Based on the obtained results of the Section 5.2, an inner–outer network coupling topology $S-S$ is now used (the most suitable to achieve outer synchronization in a master–slave configuration) for $N=5$ nodes and a large number of networks $M=100$ with $\mathbf{\Gamma }=diag[1,0,1]$, ${\mathbf{\Gamma }}_o=diag[1,0,0,0,0]$, ${\mathbf{A}}_{\mathbf{i}}={\mathbf{A}}_{\mathbf{is}}$ as in (11), and ${\mathbf{A}}_{\mathbf{o}}(M\times M)$ selected as follows

$${\mathbf{A}}_{\mathbf{o}}=\left[\begin{array}{ccccc}0& 0& 0& \dots & 0\\ 1& -1& 0& \dots & 0\\ 1& 0& -1& \dots & 0\\ ⋮& \ddots & \ddots & \ddots & ⋮\\ 1& 0& 0& \dots & -1\end{array}\right],$$

(13)

where we can deduce that the maximum Lyapunov exponent ${\lambda }_{max}$ (for this case it is the same as the case of Figure 7e), where to achieve outer synchronization we can either use $c_1=2$ or $c_2=2$. It should be noted that this analysis can be extended for any other chaotic node, number of nodes N, and number of networks M. Figure 9a–c shows the temporal dynamics for this case, and Figure 9d–f shows the errors between the master node and the other nodes in the network, the values of the initial conditions are taken as follows $x_{i1,i2,i3}\left(0\right)=[rand(1.01,1.02),0.1,0.1]$ for $i=1,2,\dots ,N\times M$.

Figure 9 corroborates that this analysis can be extended for a large number of networks M and, therefore, a large number of nodes $N\times M$.

6. Conclusions

By means of an analysis based on the master stability function approach, which is widely used to determine synchronization in networks, it has been shown that if we use $\mathbf{\Gamma }=diag[1,0,1]$ in inner coupling topologies R, S, and $SW$, we obtain a suitable stable inner synchronization state; therefore, these two states ($x_{i,1}$ and $x_{i,3}$ from (9)) were used as the suitable option to connect the nodes innerly and outwardly.
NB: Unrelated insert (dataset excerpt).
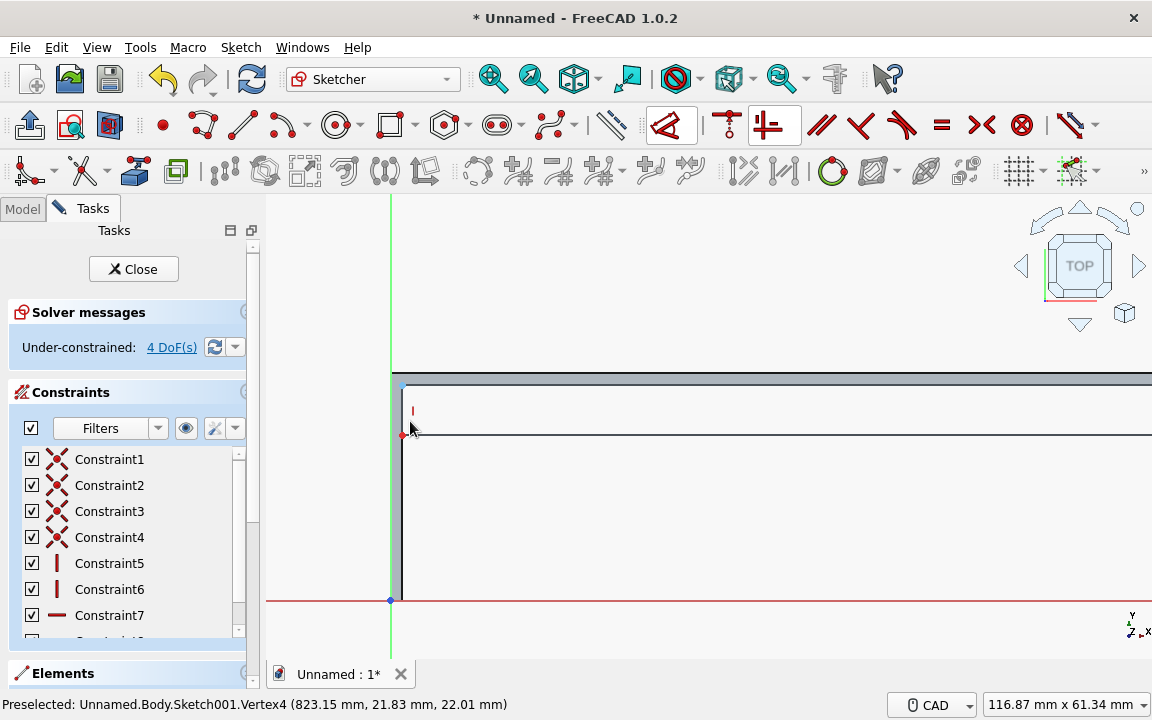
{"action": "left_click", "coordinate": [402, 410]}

On the other hand, there is not much difference when we outwardly couple networks with more than one node using inner–outer coupling network topologies $R-R$, $R-S$, $R-SW$, $S-R$, $S-S$, $S-SW$, $SW-R$, $SW-S$, and $SW-SW$, so it was determined to use a ${\mathbf{\Gamma }}_o=diag[1,0,0,0,0]$. The final analysis shows us that the best combination to achieve outer synchronization in a master–slave configuration is the inner–outer coupling network topology $S-S$. Additionally, an example for a large number of networks was presented using the inner–outer coupling network topology $S-S$ as an example to verify the obtained results from the accomplished analysis. Moreover, we can deduce that some inner–outer coupling topologies will be better than others for some potential applications despite the fact that the inner–outer coupling network topology $S-S$ achieves outer synchronization more efficiently. On the other hand, the possibility of extending this study is open, for example, we can use different configurations of matrix $\mathbf{A}$, different forms, and eventually different dimensions of the chaotic node; also, we can increase the number of nodes N and the number of networks M in order to combine this study with other synchronization control techniques, such as, for example, the fractal variational principle for an optimal control problem and the synchronization in the fractal vibration systems, or the possibility of making some transformation to a fractional order study, among others.